2.3.3 Model training & inference
The fidelity of the extracted features from the model learning stage are evaluated in the training stage on different tasks. It is basically a feedback stage where the performance, in TPE model (Mitchell (2006)), of applying the learned features are evaluated and the error are fed back into the
learning algorithm until a threshold in error is achieved. For example, neural networks are typically trained using the so-called “backpropagation” algorithms that use the error feedback to improve the models.
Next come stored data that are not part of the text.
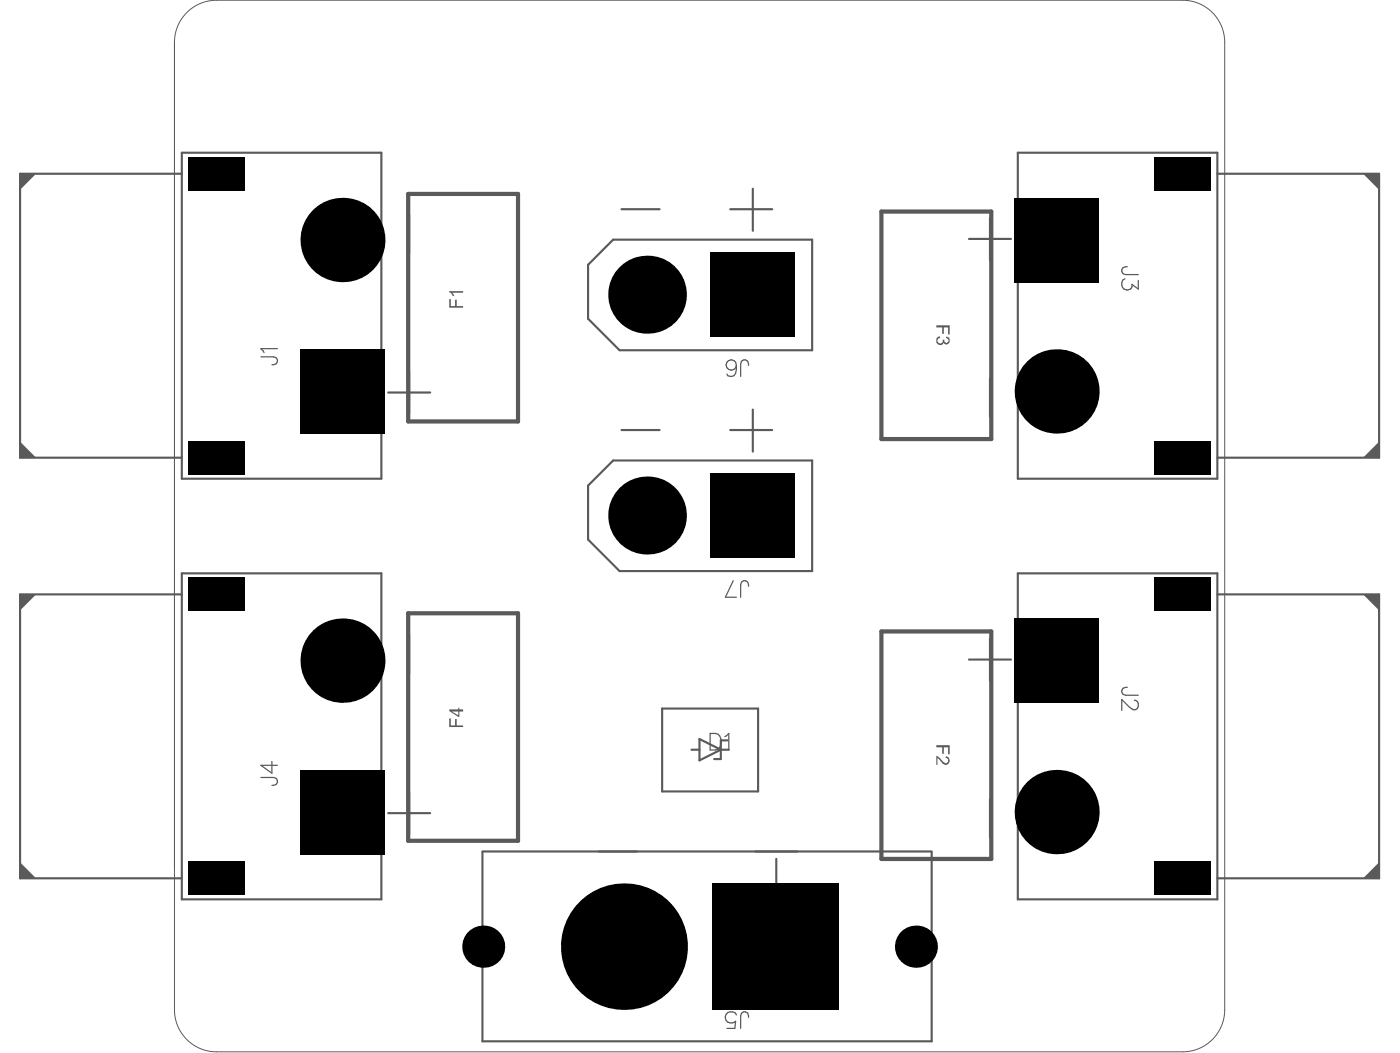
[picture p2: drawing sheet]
<svg xmlns="http://www.w3.org/2000/svg" width="222mm" height="167mm" viewBox="0 0 222 167" stroke-linecap="round" stroke-linejoin="round" font-family="sans-serif">
<g fill="#5a5a5a">
<path d="M3.2 70l2.5 2.5h-2.5z"/>
<path d="M3.2 27.5h2.5l-2.5 2.6z"/>
<path d="M216 94.2h2.6v2.5z"/>
<path d="M218.6 136.6v2.6h-2.6z"/>
<path d="M216 27.5h2.6v2.6z"/>
<path d="M218.6 70v2.5h-2.6z"/>
<path d="M3.2 136.6l2.5 2.6h-2.5z"/>
<path d="M3.2 94.2h2.5l-2.5 2.5z"/>
</g>
<g fill="none" stroke="#5a5a5a" stroke-width=".34">
<path d="M28.8 24.2h31.6v51.7h-31.6zM28.8 27.5h-25.6v45h25.6M64.9 34v6.1M97.2 38h31.5v17.5h-30.5l-5-5v-8.5zM98.5 33.2h6M115.7 33.2h6.7M119.3 29.9v6.7M153.6 37.9h6.6M156.9 34.5v6.7M161.3 24.2h31.6v51.7h-31.6zM192.9 27.5h25.7v45h-25.7M64.9 58.9v6.6"/>
<path d="M156.9 60v6M61.5 62.2h6.7M97.2 73h31.5v17.5h-30.5l-5-5v-8.5zM98.5 68.1h6M115.7 68.1h6.7M119.3 64.9v6.7M28.8 90.9h31.6v51.6h-31.6zM28.8 94.2h-25.6v45h25.6M161.3 90.9h31.6v51.6h-31.6zM192.9 94.2h25.7v45h-25.7M64.9 100.7v6M104.9 112.3h15.3v13.1h-15.3z"/>
<path d="M109.6 118.8h1.3M110.9 117.1l3.3 1.7-3.3 1.7zM114.2 118.8h1.3M115.3 117.3h-1.1v3h-1M153.6 104.5h6.6M156.9 101.2v6.6M61.5 128.9h6.7M64.9 125.5v6.7M76.5 134.9h71.2M76.5 135v30h71.2v-30M123 136.1v6.7M156.9 126.6v6.1"/>
</g>
<path d="M64.7 30.7h17.4v36.1h-17.4zM139.7 33.5h17.4v36.1h-17.4zM64.7 97.2h17.4v36h-17.4zM139.7 100.1h17.4v36h-17.4z" fill="none" stroke="#5a5a5a" stroke-width=".67"/>
<path d="M41.3 56.5h2l.4 .2a.61 .61 0 0 1 0 1l-.6 .1M44 55.2h-2.7l.5 .7M116.2 92l-1.2 2.6h1.7M118.6 92.9a.69 .69 0 0 0-.7-.9l-.4 .3-.1 .3v2M116.7 160.8a.93 .93 0 0 0-1.3-.3 .93 .93 0 0 0-.2 1.4 .93 .93 0 0 0 1.4-.1l-.1 1.2h-1.3M118.6 161.2a.69 .69 0 0 0-.7-.9l-.4 .3-.1 .4v2" fill="none" stroke="#5a5a5a" stroke-width=".19"/>
<g fill="#5a5a5a">
<path d="M71.2 113.9h.3v1.1h.6v-1.1h.3v1.1h1v.2h-2.2z"/>
<path d="M71.6 112.8l1 .5v-.5zM71.2 112.4h1.4v-.2h.2v.2h.6v.4h-.6v.8h-.2l-1.4-.9z"/>
</g>
<g fill="none" stroke="#5a5a5a" stroke-width=".19">
<path d="M116.7 57.9l-.1 1.2a.76 .76 0 0 1-.7 .6 .76 .76 0 0 1-.7-.4M118.6 57.9a.69 .69 0 0 0-.7-.9l-.4 .3-.1 .4v1.9M178.3 44.2a.89 .89 0 0 0-.3 1.4 .89 .89 0 0 0 1.4-.2v-.3l1 .7v-1.4M178.7 42.3a.69 .69 0 0 0-.9 .7l.2 .4 .4 .1h2M112.6 116.2h.8a1.4 1.4 0 0 1 .9 1.3 1.4 1.4 0 0 1-.9 1.3h-.8zM114.9 116.7l.6-.5v2.6M178.7 108.9a.69 .69 0 0 0-.9 .8l.2 .3 .4 .2h2M179.8 111a.65 .65 0 0 1 .6 .5v.5a.64 .64 0 0 1-1 .3l-1.6-1.5v1.8M41.3 123.2h2l.4 .1a.61 .61 0 0 1 0 1l-.6 .2M43.1 120.7v1.8l-1.8-1.2h2.7"/>
<circle cx="115.9" cy="57.8" r=".81"/>
</g>
<g fill="#5a5a5a">
<path d="M71.2 47.4h.3v1.1h.6v-1h.3v1h1v.3h-2.2z"/>
<path d="M71.2 46.1h2.2v.3h-1.7l.3 .5h-.3v-.2l-.2-.3-.3-.1z"/>
<path d="M148.4 118.1h2.1v1.4h-.2v-1.1h-.7v1h-.3v-1h-.9z"/>
<path d="M148.4 119.8a2.14 2.14 0 0 1 1.1 .9l.2 .1a.37 .37 0 0 0 .5-.1 .37 .37 0 0 0-.1-.5v-.1h-.3l.1-.2a.68 .68 0 0 1 .6 .7 .68 .68 0 0 1-.7 .6l-.4-.1-.4-.6-.4-.4v1.1h-.2z"/>
<path d="M148.4 51.6h2.1v1.4h-.2v-1.1h-.7v1h-.3v-1h-.9z"/>
<path d="M148.6 53.4l.4-.1v.3a.43 .43 0 0 0-.4 .5 .43 .43 0 0 0 .6 .3 .43 .43 0 0 0 .2-.6h.3a.26 .26 0 0 0 0 .3 .26 .26 0 0 0 .2 .2 .31 .31 0 0 0 .5-.2 .31 .31 0 0 0-.3-.4l-.2-.1 .1-.3a.62 .62 0 0 1 .5 .8 .62 .62 0 0 1-.8 .4l-.1-.2a.63 .63 0 0 1-.7 .4 .63 .63 0 0 1-.5-.5v-.5z"/>
</g>
<path d="M29.9 1.7a6.6 6.6 0 0 1 4.4-1.7h153.2a6.7 6.7 0 0 1 6.6 6.7v153.3a6.7 6.7 0 0 1-6.6 6.7h-153.2a6.7 6.7 0 0 1-6.6-6.7v-153.3a6.7 6.7 0 0 1 2.2-5z" fill="none" stroke="#5a5a5a" stroke-width=".16"/>
<g fill="#000">
<circle cx="54.3" cy="38" r="6.7"/>
<circle cx="102.6" cy="46.7" r="6.2"/>
<circle cx="167.5" cy="62" r="6.7"/>
<circle cx="102.6" cy="81.7" r="6.2"/>
<circle cx="54.3" cy="104.7" r="6.7"/>
<circle cx="167.5" cy="128.7" r="6.7"/>
<circle cx="76.6" cy="150" r="3.3"/>
<circle cx="98.9" cy="150" r="10"/>
<circle cx="145.2" cy="150" r="3.3"/>
</g>
<g fill="#000">
<path d="M29.8 24.9h9v5.3h-9z" fill-rule="evenodd"/>
<path d="M160.8 31.4h13.3v13.3h-13.3z" fill-rule="evenodd"/>
<path d="M183 24.9h9v5.3h-9z" fill-rule="evenodd"/>
<path d="M112.5 40h13.4v13.4h-13.4z" fill-rule="evenodd"/>
<path d="M29.8 69.9h9v5.3h-9z" fill-rule="evenodd"/>
<path d="M47.6 55.4h13.3v13.3h-13.3z" fill-rule="evenodd"/>
<path d="M183 69.9h9v5.3h-9z" fill-rule="evenodd"/>
<path d="M29.8 91.5h9v5.4h-9z" fill-rule="evenodd"/>
<path d="M112.5 75h13.4v13.4h-13.4z" fill-rule="evenodd"/>
<path d="M160.8 98h13.3v13.4h-13.3z" fill-rule="evenodd"/>
<path d="M183 91.5h9v5.4h-9z" fill-rule="evenodd"/>
<path d="M47.6 122h13.3v13.3h-13.3z" fill-rule="evenodd"/>
<path d="M183 136.5h9v5.3h-9z" fill-rule="evenodd"/>
<path d="M29.8 136.5h9v5.3h-9z" fill-rule="evenodd"/>
<path d="M112.9 140h20v20h-20z" fill-rule="evenodd"/>
</g>
</svg>

Previously, training of layer-wise learned network in this manner had proven difficult until (Bengio et al. (2007)) introduced techniques for achieving it in a “greedy fashion”. The training process typically includes a regularization function as in the (LeCun et al. (1998a)) without which the error profile would not generally be monotonically decreasing and the model becomes prone to over-fitting. During optimizing the model parameters, the momentum-based parameters for example, Nesterov-momentum (Sutskever et al. (2013)) are used to adaptively modify the step sizes in optimization algorithm to reduce the tendency of getting stuck in local minima. Machine learning algorithms other than neural networks have different training schemes. Usually, this is the aspect that differentiates the various machine learning algorithms available. For instance, (Erdogan (2010)) notes that least square regression method and a fisher linear discriminant (FLD) only differ by the presence of a regularization factor in the former’s optimization, training or loss function. The trained model is finally used to perform similar task on a new test data which was either held out of the training set also “out-of-sample” or an entirely new dataset. This final step is called the inference step as statistical decisions are made with the trained models.